# ASSIGNMENT:
Print the listing exactly, but only as far as the line containing "- person [1431,452,1464,545]". The first line and that line are both included.

· · ·

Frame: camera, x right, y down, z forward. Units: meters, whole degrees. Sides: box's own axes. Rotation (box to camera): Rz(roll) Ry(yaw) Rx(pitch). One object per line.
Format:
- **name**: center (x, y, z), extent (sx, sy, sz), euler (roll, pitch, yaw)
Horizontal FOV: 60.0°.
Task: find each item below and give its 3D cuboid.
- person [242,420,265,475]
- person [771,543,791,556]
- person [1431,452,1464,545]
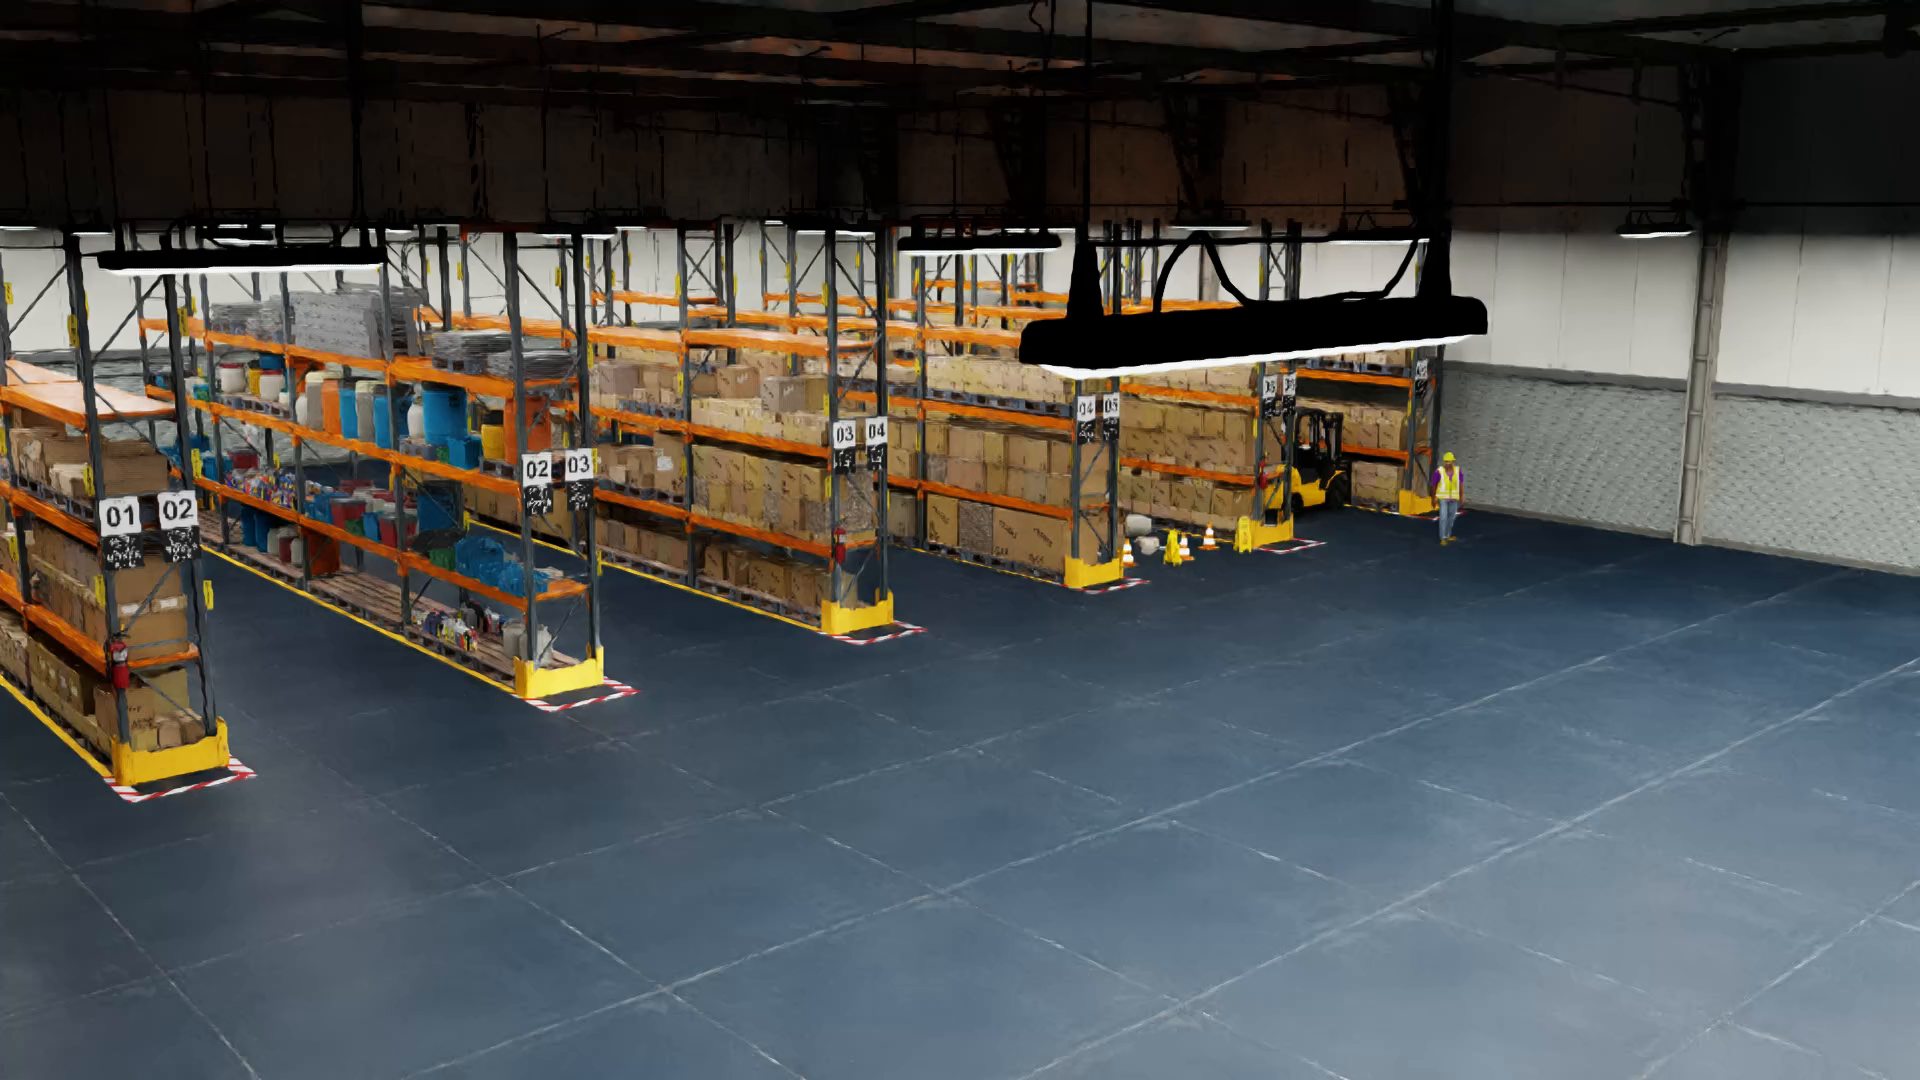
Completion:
- **person**: center (-16.165, -2.100, 37.999), extent (0.566, 1.660, 0.691), euler (0, 11, -2)
- **person**: center (-3.279, -0.468, 29.904), extent (0.453, 1.677, 0.525), euler (-2, 12, -11)
- **person**: center (9.208, -0.801, 31.441), extent (0.603, 1.751, 0.570), euler (0, 11, -2)
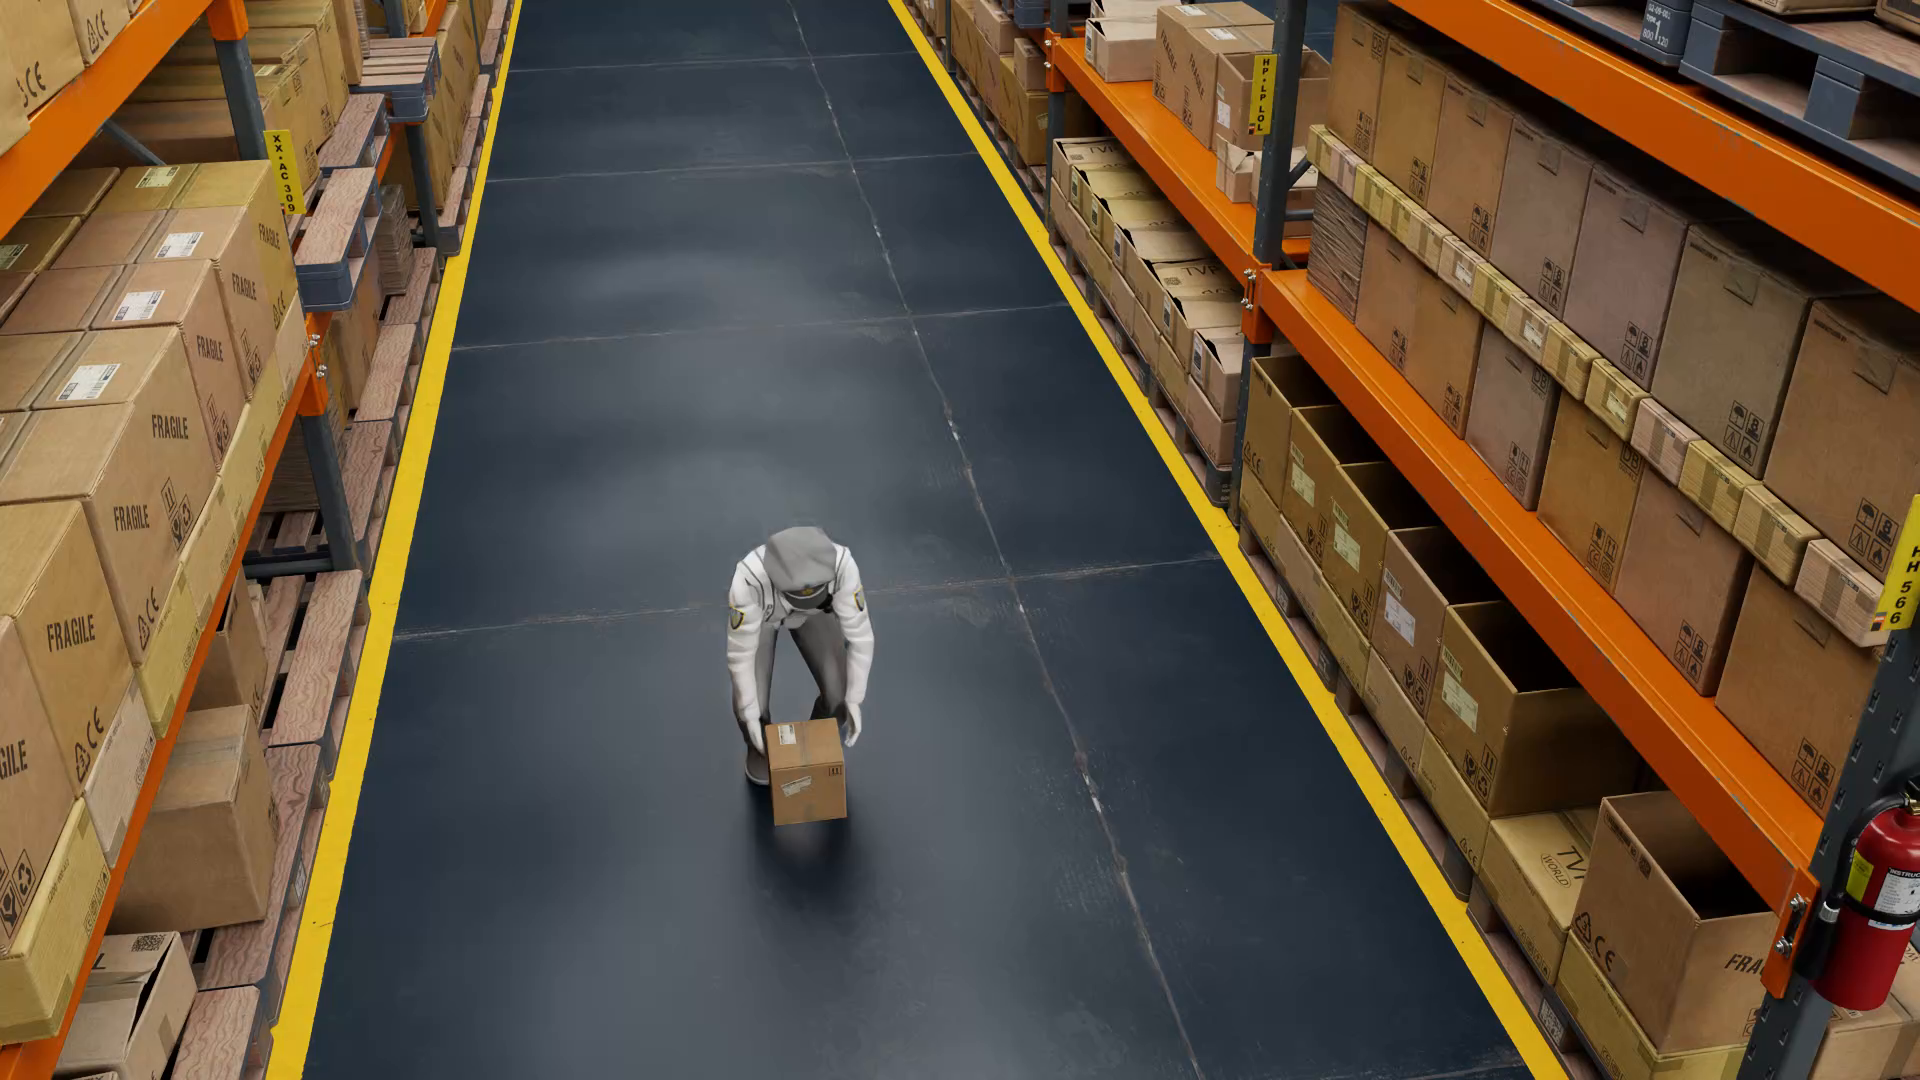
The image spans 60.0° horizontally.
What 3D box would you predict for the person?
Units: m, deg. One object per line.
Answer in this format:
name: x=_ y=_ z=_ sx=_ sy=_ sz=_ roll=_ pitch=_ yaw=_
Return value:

· · ·

# FINISHED EXERCISE:
Frame: camera, x right, y down, z forward. Units: meters, whole degrees. Sides: box's own axes. Rotation (box to camera): Rz(roll) Ry(yaw) Rx(pitch). One object per line.
Format:
- **name**: center (x, y, z), extent (sx, sy, sz), euler (roll, pitch, yaw)
Horizontal FOV: 60.0°.
Task: find each item below and give its 3D cuboid.
- person [242,420,265,475]
- person [771,543,791,556]
- person [1431,452,1464,545]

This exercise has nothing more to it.